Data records
::::::::

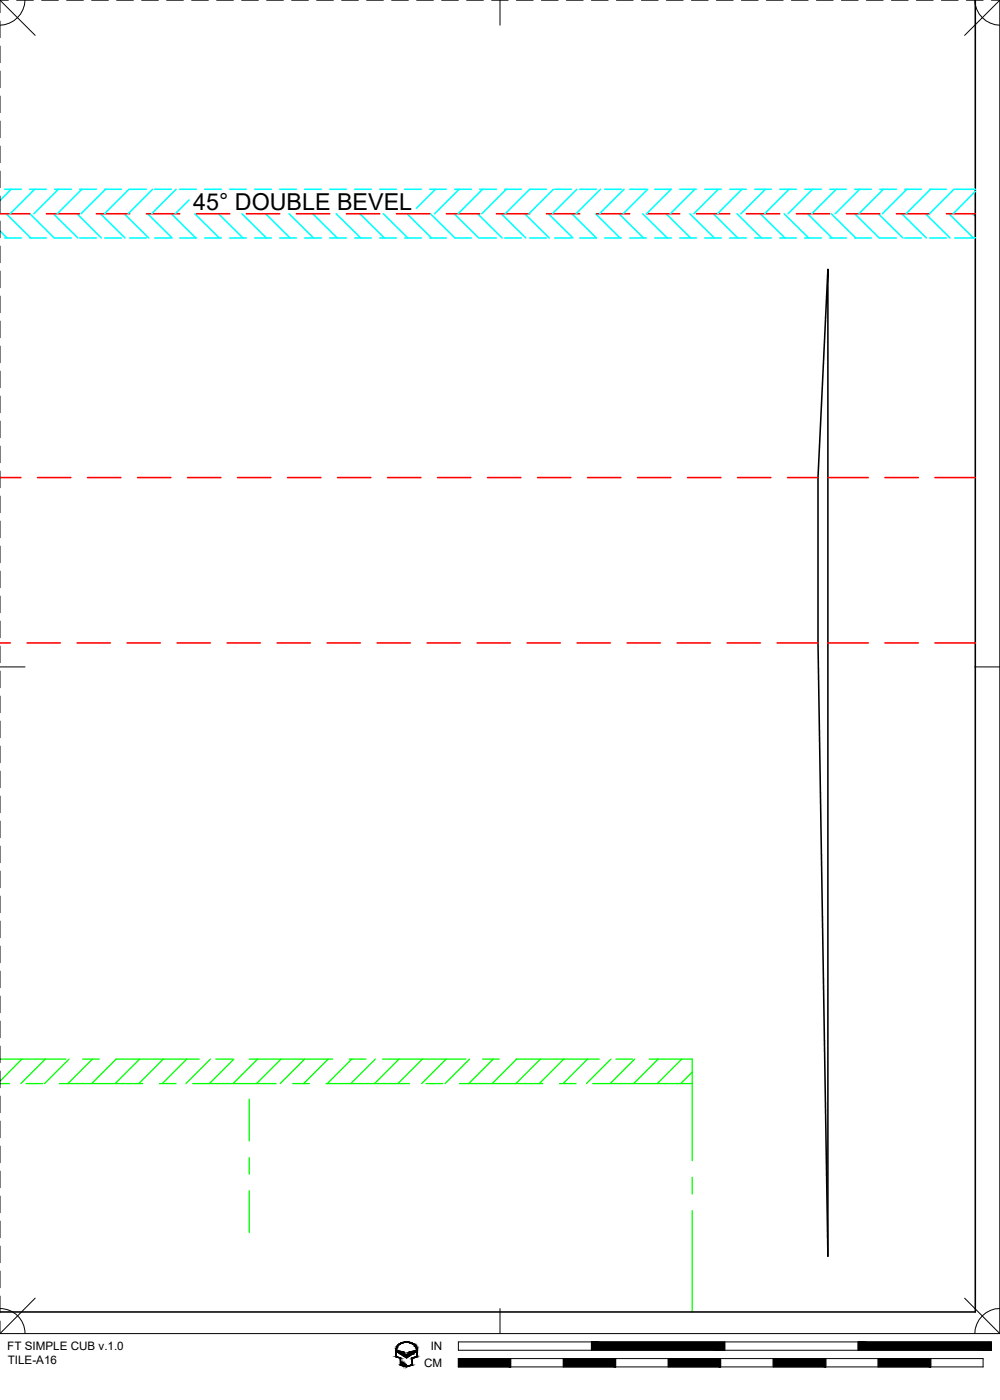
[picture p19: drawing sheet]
<svg xmlns="http://www.w3.org/2000/svg" width="190mm" height="267mm" viewBox="0 0 190 267" stroke-linecap="round" stroke-linejoin="round" font-family="sans-serif">
<defs><g id="words">
<text font-size="4.4" x="36.8" y="39.9">45° DOUBLE BEVEL</text>
<g font-size="2.2">
<text x="1.4" y="257.2">FT SIMPLE CUB v.1.0</text>
<text x="82.1" y="257.2">IN</text>
<text x="1.5" y="259.9">TILE-A16</text>
<text x="80.8" y="260.4">CM</text>
</g>
</g></defs>
<!-- layer: 04 BEVEL -->
<g fill="none" stroke="#0ff" stroke-width=".3">
<path d="M.9 36.1h3.2M2.1 36.1l-2.1 2.1M5.7 36.1h3.1M6.6 36.1l-4.7 4.6M10.4 36.1h3.2M11.1 36.1l-4.7 4.6M15.2 36.1h3.2M15.6 36.1l-4.7 4.6M19.9 36.1h3.2M20.1 36.1l-4.7 4.6M24.6 36.1l-4.7 4.6M24.7 36.1h3.2"/>
<path d="M29.1 36.1l-4.7 4.6M29.5 36.1h3.1M33.5 36.1l-4.6 4.6M34.2 36.1h3.2M36 38.1l-2.6 2.6M39 36.1h3.2M43.8 36.1h3.1M48.5 36.1h3.2M53.3 36.1h3.2M58 36.1h3.2M62.8 36.1h3.2M67.6 36.1h3.1"/>
<path d="M72.3 36.1h3.2M77.1 36.1h3.2M81.9 36.1h3.1M82.9 36.1l-3.6 3.6M86.6 36.1h3.2M87.5 36.1l-4.7 4.6M91.4 36.1h3.2M91.9 36.1l-4.6 4.6M96.1 36.1h3.2M96.4 36.1l-4.6 4.6M104.1 36.1h-3.2l-4.7 4.6M105.4 36.1l-4.6 4.6"/>
<path d="M105.7 36.1h3.1M109.9 36.1l-4.7 4.6M110.4 36.1h3.2M114.4 36.1l-4.7 4.6M115.2 36.1h3.2M118.9 36.1l-4.7 4.6M120 36.1h3.1M123.4 36.1l-4.7 4.6M124.7 36.1h3.2M127.8 36.1l-4.6 4.6M129.5 36.1h3.2M132.4 36.1l-4.7 4.6"/>
<path d="M134.2 36.1h3.2M136.8 36.1l-4.6 4.6M139 36.1h3.2M141.3 36.1l-4.6 4.6M143.8 36.1h3.1M145.8 36.1l-4.7 4.6M148.5 36.1h3.2M150.3 36.1l-4.6 4.6M153.3 36.1h3.2M154.8 36.1l-4.7 4.6M158.1 36.1h3.1M159.3 36.1l-4.7 4.6"/>
<path d="M162.8 36.1h3.2M163.8 36.1l-4.7 4.6M167.6 36.1h3.2M168.3 36.1l-4.7 4.6M172.3 36.1h3.2M172.7 36.1l-4.6 4.6M177.1 36.1h3.2M177.3 36.1l-4.7 4.6M181.7 36.1l-4.6 4.6M181.9 36.1h3.9M185.8 36.5l-4.2 4.2M0 44l1.3 1.3"/>
<path d="M.9 45.3h3.2M1.2 40.7l4.7 4.6M5.7 45.3h3.1M5.7 40.7l4.6 4.6M10.2 40.7l4.6 4.6M10.4 45.3h3.2M14.7 40.7l4.6 4.6M15.2 45.3h3.2M19.1 40.7l4.7 4.6M19.9 45.3h3.2M23.7 40.7l4.6 4.6M24.7 45.3h3.2"/>
<path d="M28.1 40.7l4.7 4.6M29.5 45.3h3.1M32.6 40.7l4.7 4.6M34.2 45.3h3.2M37.1 40.7l4.7 4.6M39 45.3h3.2M41.6 40.7l4.7 4.6M43.8 45.3h3.1M46.1 40.7l4.7 4.6M48.5 45.3h3.2M50.6 40.7l4.7 4.6M53.3 45.3h3.2"/>
<path d="M55.1 40.7l4.6 4.6M58 45.3h3.2M59.6 40.7l4.6 4.6M62.8 45.3h3.2M64 40.7l4.7 4.6M67.6 45.3h3.1M68.6 40.7l4.6 4.6M72.3 45.3h3.2M73 40.7l4.7 4.6M77.1 45.3h3.2M77.5 40.7l4.7 4.6M81.9 45.3h3.1"/>
<path d="M82 40.7l4.7 4.6M86.5 40.7l4.7 4.6M86.6 45.3h3.2M91 40.7l4.7 4.6M91.4 45.3h3.2M95.5 40.7l4.7 4.6M96.1 45.3h3.2M100 40.7l4.6 4.6M100.9 45.3h3.2M104.5 40.7l4.6 4.6M105.7 45.3h3.1M108.9 40.7l4.7 4.6h-3.2"/>
<path d="M113.5 40.7l4.6 4.6M115.2 45.3h3.2M117.9 40.7l4.7 4.6M120 45.3h3.1M122.4 40.7l4.7 4.6M124.7 45.3h3.2M126.9 40.7l4.7 4.6M129.5 45.3h3.2M131.4 40.7l4.7 4.6M134.2 45.3h3.2M135.9 40.7l4.6 4.6M139 45.3h3.2"/>
<path d="M140.4 40.7l4.7 4.6M143.8 45.3h3.1M144.9 40.7l4.6 4.6M148.5 45.3h3.2M149.4 40.7l4.6 4.6M153.3 45.3h3.2M153.8 40.7l4.7 4.6M158.1 45.3h3.1M158.4 40.7l4.6 4.6M162.8 40.7l4.7 4.6M162.8 45.3h3.2M167.3 40.7l4.7 4.6"/>
<path d="M167.6 45.3h3.2M171.8 40.7l4.7 4.6M172.3 45.3h3.2M176.3 40.7l4.7 4.6M177.1 45.3h3.2M180.8 40.7l4.6 4.6M181.9 45.3h3.9M185.3 40.7l.5 .5"/>
</g>
<!-- layer: 01 CUT -->
<path d="M185.8 0v249.9h-185.8M157.7 51.3v188l-1.9-116.8v-31.5z" fill="none" stroke="#000" stroke-width=".3"/>
<!-- layer: 05 REFERENCE -->
<g fill="none" stroke="#0f0" stroke-width=".25">
<path d="M0 201.8h12.6M0 206.4h1.8M4.2 201.8l-4.2 4.2M5 206.4h3.1M8.6 201.8l-4.6 4.6M11.3 206.4h15.9M13.1 201.8l-4.6 4.6M15.7 201.8h3.2M17.6 201.8l-4.7 4.6M22.1 201.8h15.9M22.1 201.8l-4.6 4.6M26.6 201.8l-4.7 4.6"/>
<path d="M30.4 206.4h3.1M31.1 201.8l-4.7 4.6M35.6 201.8l-4.7 4.6M36.7 206.4h15.9M40.1 201.8l-4.7 4.6M41.1 201.8h3.2M44.6 201.8l-4.7 4.6M47.5 201.8h15.9M47.5 209.4v7.9M49.1 201.8l-4.7 4.6M53.5 201.8l-4.6 4.6M55.8 206.4h3.1"/>
<path d="M58 201.8l-4.6 4.6M62.1 206.4h15.9M62.5 201.8l-4.7 4.6M66.5 201.8h3.2M67 201.8l-4.6 4.6M71.5 201.8l-4.7 4.6M72.9 201.8h15.9M76 201.8l-4.7 4.6M80.5 201.8l-4.7 4.6M81.2 206.4h3.1M85 201.8l-4.7 4.6M87.5 206.4h15.9"/>
<path d="M89.4 201.8l-4.6 4.6M91.9 201.8h3.2M94 201.8l-4.7 4.6M98.3 201.8h15.9M98.4 201.8l-4.6 4.6M102.9 201.8l-4.6 4.6M106.6 206.4h3.1M107.4 201.8l-4.7 4.6M111.9 201.8l-4.6 4.6M112.9 206.4h19M116.4 201.8l-4.7 4.6M117.3 201.8h3.2"/>
<path d="M120.9 201.8l-4.7 4.6M123.7 201.8h8.2v19.3M125.4 201.8l-4.7 4.6M129.9 201.8l-4.7 4.6M131.9 204.2l-2.2 2.2M47.5 220.5v3.2M47.5 226.9v7.9M131.9 224.3v3.2M131.9 230.6v19.3"/>
</g>
<!-- layer: 02 SCORE -->
<g fill="none" stroke="#f00" stroke-width=".3">
<path d="M0 40.7h5.7M8.8 40.7h6.4M18.4 40.7h6.3M27.9 40.7h6.3M37.4 40.7h6.4M46.9 40.7h6.4M56.5 40.7h6.3M66 40.7h6.3M75.5 40.7h6.4M85 40.7h6.4M94.6 40.7h6.3M104.1 40.7h6.3"/>
<path d="M113.6 40.7h6.4M123.1 40.7h6.4M132.7 40.7h6.3M142.2 40.7h6.3M151.7 40.7h6.4M161.2 40.7h6.4M170.8 40.7h6.3M180.3 40.7h5.5M0 91h4M7.1 91h6.4M16.7 91h6.3M26.2 91h6.3"/>
<path d="M35.7 91h6.4M45.2 91h6.4M54.8 91h6.3M64.3 91h6.3M73.8 91h6.4M83.3 91h6.4M92.9 91h6.3M102.4 91h6.3M111.9 91h6.4M121.4 91h6.4M131 91h6.3M140.5 91h6.3"/>
<path d="M150 91h5.8M157.7 91h7.7M168.6 91h6.3M178.1 91h7.7M0 122.5h2M5.2 122.5h6.3M14.7 122.5h6.3M24.2 122.5h6.4M33.7 122.5h6.4M43.3 122.5h6.3M52.8 122.5h6.3M62.3 122.5h6.4"/>
<path d="M71.8 122.5h6.4M81.4 122.5h6.3M90.9 122.5h6.3M100.4 122.5h6.4M109.9 122.5h6.4M119.5 122.5h6.3M129 122.5h6.3M138.5 122.5h6.4M148 122.5h7.8M157.7 122.5h7.7M168.6 122.5h6.3M178.1 122.5h7.7"/>
</g>
<!-- layer: 22 TILED -->
<g fill="#000" stroke="#000" stroke-width=".19">
<path d="M75.7 257.2l1.1 .4h-1.1zM76.4 258h2.1l-1.1 .7zM77 255.6h.8zM78 257.6l1.2-.4v.4zM77 260.3h.8l-.4 .1z"/>
<path d="M75.4 257.2l.1 1.2v-1.2zM75.4 257.2l.1 1.2h-.1z"/>
<path d="M75.4 258.4l.3 .1zM75.4 258.4l.3 .1z"/>
<path d="M75.5 256.9h.1zM75.5 256.9h.1z"/>
<path d="M75.5 256.9v.3l.1-.3zM75.5 256.9v.3h-.1z"/>
<path d="M75.6 256.6v.3l.1-.3zM75.6 256.6l-.1 .3z"/>
<path d="M75.6 256.6h.1zM75.6 256.6h.1z"/>
<path d="M75.4 258.5l1 .2zM75.4 258.5l1 .2z"/>
<path d="M75.7 256.4v.2l.1-.2zM75.7 256.4v.2h-.1z"/>
<path d="M75.8 256.3v.1l.1-.1zM75.8 256.3l-.1 .1z"/>
<path d="M75.9 256.2v.1l.1-.1zM75.8 256.3l.1-.1z"/>
<path d="M76 256.1v.1l.2-.1zM76 256.1l-.1 .1z"/>
<path d="M76.1 256l.1 .1 .1-.1zM76.1 256l.1 .1h-.2z"/>
<path d="M76.1 258.7l.3 .1zM76.1 258.7l.3 .1z"/>
<path d="M76.3 258.8l.1 1.2v-1.2zM76.3 258.8l.1 1.2h-.1z"/>
<path d="M76.3 255.9v.1l.2-.1zM76.1 256l.2-.1z"/>
<path d="M76.4 255.9h.2zM76.3 255.9h.2z"/>
<path d="M76.5 259.5l.1 .5v-.5zM76.5 259.5l.1 .5h-.1z"/>
<path d="M75.7 257.6h1.3zM75.7 257.6h1.3z"/>
<path d="M76.6 255.8v.1l.3-.1zM76.4 255.9l.2-.1z"/>
<path d="M76.8 259.6l.1 .5v-.5zM76.8 259.6l.1 .5h-.1z"/>
<path d="M75.8 257.6l1.2 .2v-.2zM75.8 257.6l1.2 .2h-.9z"/>
<path d="M76.1 257.8l1.1 .2-.2-.2zM76.1 257.8l1.1 .2h-.8z"/>
<path d="M76.6 255.7h.5zM76.6 255.7l.3 .1z"/>
<path d="M77 259.8l.1 .4v-.4zM77 259.8l.1 .4h-.1z"/>
<path d="M76.7 255.7h.5zM76.6 255.7h.5z"/>
<path d="M77.3 260l.1 .2zM77.3 260l.1 .2z"/>
<path d="M77 255.6l1.1 .1zM76.7 255.7l.3-.1 1.1 .1z"/>
<path d="M77.6 255.7h.6zM77.6 255.7h.6z"/>
<path d="M77.7 255.7l.6 .1zM77.7 255.7l.6 .1z"/>
<path d="M78 255.8l.5 .1zM78 255.8l.5 .1z"/>
<path d="M78.3 255.9h.2zM78.3 255.9h.2z"/>
<path d="M78.3 255.9l.5 .1zM78.3 255.9l.5 .1z"/>
<path d="M78.5 258.8l.1 1.2v-1.2zM78.5 258.8l.1 1.2h-.1z"/>
<path d="M78.6 256l.3 .1zM78.6 256l.3 .1z"/>
<path d="M78.5 258.7l.1 .1 .2-.1zM78.5 258.7l.1 .1z"/>
<path d="M77.8 257.8l.7 .2 .3-.2zM77.8 257.8l.7 .2h-.9z"/>
<path d="M78.7 256.1l.3 .1zM78.7 256.1l.3 .1z"/>
<path d="M78.9 256.2l.2 .1zM78.9 256.2l.2 .1z"/>
<path d="M77.8 257.6l1 .2 .3-.2zM77.8 257.6l1 .2h-1z"/>
<path d="M79 256.3l.2 .1zM79 256.3l.2 .1z"/>
<path d="M79.1 256.4l.2 .2zM79.1 256.4l.2 .2z"/>
<path d="M78 257.6h1.2zM77.8 257.6h1.3z"/>
<path d="M79.2 256.6h.1zM79.2 256.6h.1z"/>
<path d="M79.2 256.6l.2 .3zM79.2 256.6l.2 .3z"/>
<path d="M79.3 256.9h.1zM79.3 256.9h.1z"/>
<path d="M79.3 256.9l.2 .3zM79.3 256.9l.2 .3z"/>
<path d="M79.4 257.2l.1 1.2v-1.2zM79.4 257.2l.1 1.2h-.1z"/>
<path d="M79.4 258.4l.1 .1zM79.2 258.5h.3z"/>
<path d="M78.8 258.7l.7-.2h-.3zM78.5 258.7l.7-.2-.4 .2z"/>
<path d="M87.3 258.8l10 1.6v-1.6zM87.3 258.8l10 1.6h-10z"/>
<path d="M107.3 258.8l10 1.6v-1.6zM107.3 258.8l10 1.6h-10z"/>
<path d="M127.3 258.8l10 1.6v-1.6zM127.3 258.8l10 1.6h-10z"/>
<path d="M112.7 255.6l25.4 1.6v-1.6zM112.7 255.6l25.4 1.6h-25.4z"/>
<path d="M147.3 258.8l10 1.6v-1.6zM147.3 258.8l10 1.6h-10z"/>
<path d="M167.3 258.8l10 1.6v-1.6zM167.3 258.8l10 1.6h-10z"/>
<path d="M163.5 255.6l25.4 1.6v-1.6zM163.5 255.6l25.4 1.6h-25.4z"/>
<path d="M76.3 260h.1zM76.3 260h.1z"/>
<path d="M76.5 260h.1zM76.5 260h.1z"/>
<path d="M76.3 260h.2zM76.3 260h.2z"/>
<path d="M76.3 260l.3 .1zM76.3 260l.3 .1zM76.3 260.1h.3zM76.3 260.1h.3z"/>
<path d="M76.3 260.1h.3zM76.3 260.1h.3z"/>
<path d="M76.3 260.1h.5zM76.3 260.1h.5z"/>
<path d="M76.8 260.1h.1zM76.8 260.1h.1z"/>
<path d="M76.4 260.1l.5 .1zM76.4 260.1l.5 .1z"/>
<path d="M76.5 260.2h.5zM76.5 260.2h.5z"/>
<path d="M77 260.2h.1zM77 260.2h.1z"/>
<path d="M76.7 260.2h.4zM76.7 260.2h.4z"/>
<path d="M76.8 260.2l.5 .1zM76.8 260.2l.5 .1z"/>
<path d="M77.3 260.2l.1 .1zM77.3 260.2l.1 .1z"/>
<path d="M76.9 260.3h.5zM76.9 260.3h.5z"/>
<path d="M77.5 260.3h.4zM77.4 260.3h.4z"/>
<path d="M78.5 260l.1 .1zM78.2 260.1h.4z"/>
<path d="M77.9 260.3l.7-.2h-.4zM77.5 260.3l.7-.2-.3 .2z"/>
</g>
<g fill="none" stroke="#000" stroke-width=".19">
<path d="M0 0h1.6M0 0v2.4M0 4v3.2M0 8.8v3.1M0 13.5v3.2M0 18.3v3.2M0 0l6.7 6.7M3.2 0h3.2M4.8 0a4.9 4.9 0 0 1-4.8 4.8M7.9 0h3.2M12.7 0h3.2M17.5 0h3.1"/>
<path d="M22.2 0h3.2M27 0h3.2M31.8 0h3.1M36.5 0h3.2M41.3 0h3.2M46 0h3.2M50.8 0h3.2M55.6 0h3.1M60.3 0h3.2M65.1 0h3.2M69.9 0h3.1M74.6 0h3.2"/>
<path d="M79.4 0h3.2M84.1 0h3.2M88.9 0h3.2M93.7 0h3.1M95.3 0v4.8M98.4 0h3.2M103.1 0h3.2M107.9 0h3.2M112.7 0h3.1M117.4 0h3.2M122.2 0h3.2M127 0h3.1"/>
<path d="M131.7 0h3.2M136.5 0h3.2M141.2 0h3.2M146 0h3.2M150.8 0h3.1M155.5 0h3.2M160.3 0h3.2M165.1 0h3.1M169.8 0h3.2M174.6 0h3.2M179.3 0h3.2M184.1 0h3.2"/>
<path d="M185.7 0a4.9 4.9 0 0 0 4.8 4.8M188.9 0h1.6M190.5 0v254M190.5 0l-6.7 6.7M0 23.1v3.1M0 27.8v3.2M0 32.6v3.2M0 37.3v3.2M0 42.1v3.2M0 46.9v3.1M0 51.6v3.2M0 56.4v3.2"/>
<path d="M0 61.2v3.1M0 65.9v3.2M0 70.7v3.2M0 75.4v3.2M0 80.2v3.2M0 85v3.1M0 89.7v3.2M0 94.5v3.2M0 99.3v3.1M0 104v3.2M0 108.8v3.2M0 113.6v3.1"/>
<path d="M0 118.3v3.2M0 127h4.8M0 123.1v3.2M0 127.8v3.2M0 132.6v3.2M0 137.4v3.1M185.7 127h4.8M0 142.1v3.2M0 146.9v3.2M0 151.7v3.1M0 156.4v3.2M0 161.2v3.2"/>
<path d="M0 165.9v3.2M0 170.7v3.2M0 175.5v3.1M0 180.2v3.2M0 185v3.2M0 189.8v3.1M0 194.5v3.2M0 199.3v3.2M0 204v3.2M0 208.8v3.2M0 213.6v3.1M0 218.3v3.2"/>
<path d="M0 223.1v3.2M0 227.9v3.1M0 232.6v3.2M0 237.4v3.2M0 242.1v3.2M0 246.9v3.2M0 251.7v2.3M0 254h190.5M0 249.3a4.7 4.7 0 0 1 4.8 4.7M6.7 247.3l-6.7 6.7M75.5 257.2v1.2l.9 .3v1.3h.1v-.5h.1v.6h.2v-.5h.1v.6h.1v-.4h.1v.4l.2 .1v-.3l.1 .3 1.1-.3v-1.3l.9-.3v-1.2M75.6 257.1a2 2 0 0 1 3.2-1l.5 .7 .1 .3"/>
<path d="M75.7 257.2l1.3 .4 .2 .4h.4l.2-.4 1.4-.4v.4l-1.8 1.1-1.7-1.1zM75.8 256.3a2.26 2.26 0 0 1 3.6 .6l.1 1.6-.9 .3v1.3l-1.2 .3-1.1-.3v-1.3l-.9-.3a2.64 2.64 0 0 1 .4-2.2zM87.3 255.6h101.6v1.6h-101.6zM87.3 258.8h100v1.6h-100zM95.3 249.3v4.7M97.3 258.8v1.6M107.3 258.8v1.6M112.7 255.6v1.6M117.3 258.8v1.6M127.3 258.8v1.6M137.3 258.8v1.6M138.1 255.6v1.6"/>
<path d="M147.3 258.8v1.6M157.3 258.8v1.6M163.5 255.6v1.6M167.3 258.8v1.6M177.3 258.8v1.6M183.8 247.3l6.7 6.7M190.5 249.3a4.8 4.8 0 0 0-4.8 4.7"/>
</g>
<use href="#words"/>
</svg>

::::::::

#### EXERCISE GOAL
Please transcribe only the lines in the records above running from the line that has "0h3.2M27 0h3.2M31.8 0h3.1M36.5" through the line that has "0 4.8 4.8M188.9", both included, exactly as they appear.

#### SOLUTION TO THIS PROBLEM
<path d="M22.2 0h3.2M27 0h3.2M31.8 0h3.1M36.5 0h3.2M41.3 0h3.2M46 0h3.2M50.8 0h3.2M55.6 0h3.1M60.3 0h3.2M65.1 0h3.2M69.9 0h3.1M74.6 0h3.2"/>
<path d="M79.4 0h3.2M84.1 0h3.2M88.9 0h3.2M93.7 0h3.1M95.3 0v4.8M98.4 0h3.2M103.1 0h3.2M107.9 0h3.2M112.7 0h3.1M117.4 0h3.2M122.2 0h3.2M127 0h3.1"/>
<path d="M131.7 0h3.2M136.5 0h3.2M141.2 0h3.2M146 0h3.2M150.8 0h3.1M155.5 0h3.2M160.3 0h3.2M165.1 0h3.1M169.8 0h3.2M174.6 0h3.2M179.3 0h3.2M184.1 0h3.2"/>
<path d="M185.7 0a4.9 4.9 0 0 0 4.8 4.8M188.9 0h1.6M190.5 0v254M190.5 0l-6.7 6.7M0 23.1v3.1M0 27.8v3.2M0 32.6v3.2M0 37.3v3.2M0 42.1v3.2M0 46.9v3.1M0 51.6v3.2M0 56.4v3.2"/>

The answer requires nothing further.